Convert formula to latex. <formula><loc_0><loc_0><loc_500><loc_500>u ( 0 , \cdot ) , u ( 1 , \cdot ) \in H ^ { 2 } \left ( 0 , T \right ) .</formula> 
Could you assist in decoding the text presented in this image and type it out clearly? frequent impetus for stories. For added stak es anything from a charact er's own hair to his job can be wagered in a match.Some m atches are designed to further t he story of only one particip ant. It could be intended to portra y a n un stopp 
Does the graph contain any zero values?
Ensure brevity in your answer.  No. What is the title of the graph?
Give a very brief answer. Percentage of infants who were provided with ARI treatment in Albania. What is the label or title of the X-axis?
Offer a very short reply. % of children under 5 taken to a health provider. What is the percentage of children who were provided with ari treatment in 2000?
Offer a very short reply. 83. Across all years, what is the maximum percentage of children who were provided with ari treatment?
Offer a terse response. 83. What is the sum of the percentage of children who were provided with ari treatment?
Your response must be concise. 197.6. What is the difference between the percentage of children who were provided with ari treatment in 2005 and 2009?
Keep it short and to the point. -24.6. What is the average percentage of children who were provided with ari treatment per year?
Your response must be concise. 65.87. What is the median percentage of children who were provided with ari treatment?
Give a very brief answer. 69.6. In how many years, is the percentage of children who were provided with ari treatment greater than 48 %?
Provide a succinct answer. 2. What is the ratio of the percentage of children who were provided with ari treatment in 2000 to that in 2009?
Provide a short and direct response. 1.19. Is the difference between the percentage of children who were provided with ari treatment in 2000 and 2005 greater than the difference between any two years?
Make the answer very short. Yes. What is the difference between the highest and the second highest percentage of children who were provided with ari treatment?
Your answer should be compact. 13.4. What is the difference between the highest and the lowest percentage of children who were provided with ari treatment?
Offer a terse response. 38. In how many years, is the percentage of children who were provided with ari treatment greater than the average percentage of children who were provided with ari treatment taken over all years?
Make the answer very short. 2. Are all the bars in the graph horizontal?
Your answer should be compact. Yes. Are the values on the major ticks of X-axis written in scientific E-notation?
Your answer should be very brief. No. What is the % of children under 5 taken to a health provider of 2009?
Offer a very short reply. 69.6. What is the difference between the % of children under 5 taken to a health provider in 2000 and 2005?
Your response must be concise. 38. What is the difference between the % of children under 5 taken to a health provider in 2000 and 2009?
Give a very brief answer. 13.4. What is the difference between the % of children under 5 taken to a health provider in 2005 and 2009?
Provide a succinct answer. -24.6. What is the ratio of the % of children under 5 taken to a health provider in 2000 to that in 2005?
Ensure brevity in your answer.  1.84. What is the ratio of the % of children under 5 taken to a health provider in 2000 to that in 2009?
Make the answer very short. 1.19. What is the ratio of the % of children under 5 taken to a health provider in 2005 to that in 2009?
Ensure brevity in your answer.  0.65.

━━━━

Directions for this task: Working from the material above, retype it in its entirety without change.

Task result:
Convert formula to latex. <formula><loc_0><loc_0><loc_500><loc_500>u ( 0 , \cdot ) , u ( 1 , \cdot ) \in H ^ { 2 } \left ( 0 , T \right ) .</formula> 
Could you assist in decoding the text presented in this image and type it out clearly? frequent impetus for stories. For added stak es anything from a charact er's own hair to his job can be wagered in a match.Some m atches are designed to further t he story of only one particip ant. It could be intended to portra y a n un stopp 
Does the graph contain any zero values?
Ensure brevity in your answer.  No. What is the title of the graph?
Give a very brief answer. Percentage of infants who were provided with ARI treatment in Albania. What is the label or title of the X-axis?
Offer a very short reply. % of children under 5 taken to a health provider. What is the percentage of children who were provided with ari treatment in 2000?
Offer a very short reply. 83. Across all years, what is the maximum percentage of children who were provided with ari treatment?
Offer a terse response. 83. What is the sum of the percentage of children who were provided with ari treatment?
Your response must be concise. 197.6. What is the difference between the percentage of children who were provided with ari treatment in 2005 and 2009?
Keep it short and to the point. -24.6. What is the average percentage of children who were provided with ari treatment per year?
Your response must be concise. 65.87. What is the median percentage of children who were provided with ari treatment?
Give a very brief answer. 69.6. In how many years, is the percentage of children who were provided with ari treatment greater than 48 %?
Provide a succinct answer. 2. What is the ratio of the percentage of children who were provided with ari treatment in 2000 to that in 2009?
Provide a short and direct response. 1.19. Is the difference between the percentage of children who were provided with ari treatment in 2000 and 2005 greater than the difference between any two years?
Make the answer very short. Yes. What is the difference between the highest and the second highest percentage of children who were provided with ari treatment?
Your answer should be compact. 13.4. What is the difference between the highest and the lowest percentage of children who were provided with ari treatment?
Offer a terse response. 38. In how many years, is the percentage of children who were provided with ari treatment greater than the average percentage of children who were provided with ari treatment taken over all years?
Make the answer very short. 2. Are all the bars in the graph horizontal?
Your answer should be compact. Yes. Are the values on the major ticks of X-axis written in scientific E-notation?
Your answer should be very brief. No. What is the % of children under 5 taken to a health provider of 2009?
Offer a very short reply. 69.6. What is the difference between the % of children under 5 taken to a health provider in 2000 and 2005?
Your response must be concise. 38. What is the difference between the % of children under 5 taken to a health provider in 2000 and 2009?
Give a very brief answer. 13.4. What is the difference between the % of children under 5 taken to a health provider in 2005 and 2009?
Provide a succinct answer. -24.6. What is the ratio of the % of children under 5 taken to a health provider in 2000 to that in 2005?
Ensure brevity in your answer.  1.84. What is the ratio of the % of children under 5 taken to a health provider in 2000 to that in 2009?
Make the answer very short. 1.19. What is the ratio of the % of children under 5 taken to a health provider in 2005 to that in 2009?
Ensure brevity in your answer.  0.65.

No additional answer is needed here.